Radiation Therapy Center 2030

This Convergence-consortium combines socio-economic, technical, and bio-medical scientists to realize the Radiation Therapy Center 2030 for Personalized Self-Steering Radiotherapy. ‘A convergence approach is crucial to achieving genuine breakthroughs in cancer treatment with radiation.’

More than fifty per cent of all cancer patients receive radiotherapy, often combined with other therapies. Cancer survivors are increasing. And with that, the impact of long-term side effects of radiotherapy on patients and society. While innovations have decreased side effects and new combination therapies have improved outcomes, implementation and further development of radiotherapy innovations are still hampered by challenges in accessibility, capacity planning and financing.

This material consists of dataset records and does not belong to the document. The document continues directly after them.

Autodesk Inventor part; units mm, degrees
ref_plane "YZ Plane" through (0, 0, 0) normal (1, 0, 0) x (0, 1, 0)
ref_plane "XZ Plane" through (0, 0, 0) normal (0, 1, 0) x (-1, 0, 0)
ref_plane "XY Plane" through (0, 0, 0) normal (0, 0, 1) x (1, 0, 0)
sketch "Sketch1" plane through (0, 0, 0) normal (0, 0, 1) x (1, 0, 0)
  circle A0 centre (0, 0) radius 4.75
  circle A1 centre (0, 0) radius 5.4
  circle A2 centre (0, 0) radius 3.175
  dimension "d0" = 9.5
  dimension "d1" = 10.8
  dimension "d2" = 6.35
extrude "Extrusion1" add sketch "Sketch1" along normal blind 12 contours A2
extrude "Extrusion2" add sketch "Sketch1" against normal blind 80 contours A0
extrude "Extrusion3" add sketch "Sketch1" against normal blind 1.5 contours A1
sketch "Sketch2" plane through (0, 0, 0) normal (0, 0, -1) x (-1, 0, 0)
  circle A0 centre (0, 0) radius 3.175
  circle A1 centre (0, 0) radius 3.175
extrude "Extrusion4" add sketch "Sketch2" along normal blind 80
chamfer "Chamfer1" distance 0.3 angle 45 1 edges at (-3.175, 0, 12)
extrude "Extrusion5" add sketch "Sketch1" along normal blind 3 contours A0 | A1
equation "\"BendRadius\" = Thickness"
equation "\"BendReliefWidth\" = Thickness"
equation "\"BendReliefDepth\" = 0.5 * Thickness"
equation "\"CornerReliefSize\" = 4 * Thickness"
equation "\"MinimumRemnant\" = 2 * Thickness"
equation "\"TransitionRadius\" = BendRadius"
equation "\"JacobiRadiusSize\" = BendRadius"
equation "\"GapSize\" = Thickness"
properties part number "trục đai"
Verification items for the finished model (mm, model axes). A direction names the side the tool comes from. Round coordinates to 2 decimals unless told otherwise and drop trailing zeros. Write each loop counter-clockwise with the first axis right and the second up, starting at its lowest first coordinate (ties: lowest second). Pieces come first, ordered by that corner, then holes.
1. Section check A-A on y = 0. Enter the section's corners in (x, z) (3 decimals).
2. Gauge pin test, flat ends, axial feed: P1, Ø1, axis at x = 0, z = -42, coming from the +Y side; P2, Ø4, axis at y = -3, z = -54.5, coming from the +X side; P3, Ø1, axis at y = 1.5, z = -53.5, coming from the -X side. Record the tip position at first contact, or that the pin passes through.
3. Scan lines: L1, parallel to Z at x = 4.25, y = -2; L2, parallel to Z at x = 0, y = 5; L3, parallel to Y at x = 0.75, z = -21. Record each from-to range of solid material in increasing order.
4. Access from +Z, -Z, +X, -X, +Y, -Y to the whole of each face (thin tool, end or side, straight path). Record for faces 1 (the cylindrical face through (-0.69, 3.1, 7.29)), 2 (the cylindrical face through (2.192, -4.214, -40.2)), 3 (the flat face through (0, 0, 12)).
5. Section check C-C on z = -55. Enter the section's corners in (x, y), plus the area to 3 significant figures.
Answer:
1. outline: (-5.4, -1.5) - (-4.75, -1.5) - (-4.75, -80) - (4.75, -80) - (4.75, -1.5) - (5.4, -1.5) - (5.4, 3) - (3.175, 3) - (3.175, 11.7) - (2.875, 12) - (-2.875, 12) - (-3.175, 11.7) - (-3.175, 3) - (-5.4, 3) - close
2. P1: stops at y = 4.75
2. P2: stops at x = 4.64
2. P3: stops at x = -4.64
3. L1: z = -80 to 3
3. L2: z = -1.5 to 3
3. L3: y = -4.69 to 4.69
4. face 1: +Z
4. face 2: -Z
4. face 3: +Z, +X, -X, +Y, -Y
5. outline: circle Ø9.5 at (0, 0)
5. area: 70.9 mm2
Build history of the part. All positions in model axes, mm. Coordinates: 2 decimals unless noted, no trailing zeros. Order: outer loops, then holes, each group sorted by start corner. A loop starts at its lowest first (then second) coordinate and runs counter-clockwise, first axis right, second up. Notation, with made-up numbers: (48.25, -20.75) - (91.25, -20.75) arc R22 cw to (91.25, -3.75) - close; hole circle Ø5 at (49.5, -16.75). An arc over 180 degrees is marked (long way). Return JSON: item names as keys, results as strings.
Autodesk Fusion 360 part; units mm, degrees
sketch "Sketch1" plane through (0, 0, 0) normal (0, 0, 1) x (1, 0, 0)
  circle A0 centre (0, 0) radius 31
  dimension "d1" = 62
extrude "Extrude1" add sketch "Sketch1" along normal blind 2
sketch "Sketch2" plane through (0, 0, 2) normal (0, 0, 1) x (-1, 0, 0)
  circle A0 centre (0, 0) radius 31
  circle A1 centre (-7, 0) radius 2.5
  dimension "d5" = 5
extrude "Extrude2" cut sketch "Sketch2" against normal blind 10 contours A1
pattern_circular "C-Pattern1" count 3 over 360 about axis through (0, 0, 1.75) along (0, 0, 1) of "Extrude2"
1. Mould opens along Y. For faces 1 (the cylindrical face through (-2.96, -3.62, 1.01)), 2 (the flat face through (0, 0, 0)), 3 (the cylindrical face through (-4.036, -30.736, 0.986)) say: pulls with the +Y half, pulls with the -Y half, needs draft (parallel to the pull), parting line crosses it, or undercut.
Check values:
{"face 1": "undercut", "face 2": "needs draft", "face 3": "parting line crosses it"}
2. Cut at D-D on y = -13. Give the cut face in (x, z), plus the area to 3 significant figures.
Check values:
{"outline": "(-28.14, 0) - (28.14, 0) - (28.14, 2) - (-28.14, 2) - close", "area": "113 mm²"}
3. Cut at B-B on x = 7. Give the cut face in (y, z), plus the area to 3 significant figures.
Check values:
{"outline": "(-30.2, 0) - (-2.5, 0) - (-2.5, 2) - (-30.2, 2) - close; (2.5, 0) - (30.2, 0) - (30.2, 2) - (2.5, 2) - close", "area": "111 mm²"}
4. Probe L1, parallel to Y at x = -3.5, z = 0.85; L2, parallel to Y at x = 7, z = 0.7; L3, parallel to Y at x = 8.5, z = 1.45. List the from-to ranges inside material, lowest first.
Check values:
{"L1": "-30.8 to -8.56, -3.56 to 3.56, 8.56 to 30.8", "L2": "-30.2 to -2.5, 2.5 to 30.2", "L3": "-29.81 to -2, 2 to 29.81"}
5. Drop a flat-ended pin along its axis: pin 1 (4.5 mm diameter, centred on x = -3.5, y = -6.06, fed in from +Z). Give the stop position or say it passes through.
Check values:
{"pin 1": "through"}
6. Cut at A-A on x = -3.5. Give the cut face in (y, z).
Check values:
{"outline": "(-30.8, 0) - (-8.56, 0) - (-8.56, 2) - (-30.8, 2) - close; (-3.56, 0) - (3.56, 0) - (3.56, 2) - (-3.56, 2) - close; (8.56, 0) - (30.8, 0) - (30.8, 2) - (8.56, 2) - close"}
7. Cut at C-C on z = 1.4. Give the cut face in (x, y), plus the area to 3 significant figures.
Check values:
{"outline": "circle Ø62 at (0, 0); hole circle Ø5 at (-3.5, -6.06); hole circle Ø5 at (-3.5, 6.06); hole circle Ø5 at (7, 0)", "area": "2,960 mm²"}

Great promise lies in cross-disciplinary, highly personalized cancer treatment. However, considering patient heterogeneity, optimally using the growing data and combination-treatment options for each patient, and adapting radiotherapy during each session, prove extremely challenging.

2030

The Radiation Therapy Center 2030 combines a research program with a ‘Living Lab’ for fast-track innovation, value optimization, and clinical validation. A data repository will provide access to real-life clinical, imaging and tissue derived data from patients treated with photon or proton radiotherapy. For the latter, the clinical and preclinical research facilities of the Holland Proton Therapy Center will be used to unravel and exploit the biological differences of proton irradiation versus photon irradiation. The researchers will develop image guidance solutions to improve precision and AI-driven solutions for fast radiation-dose adaptation (self-steering), multi-criteria decision support and biomarker assays. A continuous broad health technology assessment is common practice for all developed solutions.

Convergence approach

‘A convergence approach is crucial to achieving genuine breakthroughs in cancer treatment with radiation that are affordable and accessible.’ Says Collaboration The Collaboration will set up a first framework, which allows a competitive position for future research that includes clinical intervention studies demonstrating the impact of further personalization.

We position ourselves at the forefront of development and transition to highly personalized radiotherapy, while staying in full synergy with other targeted cancer therapies. This will improve patient treatment outcomes while securing affordable and accessible cancer care.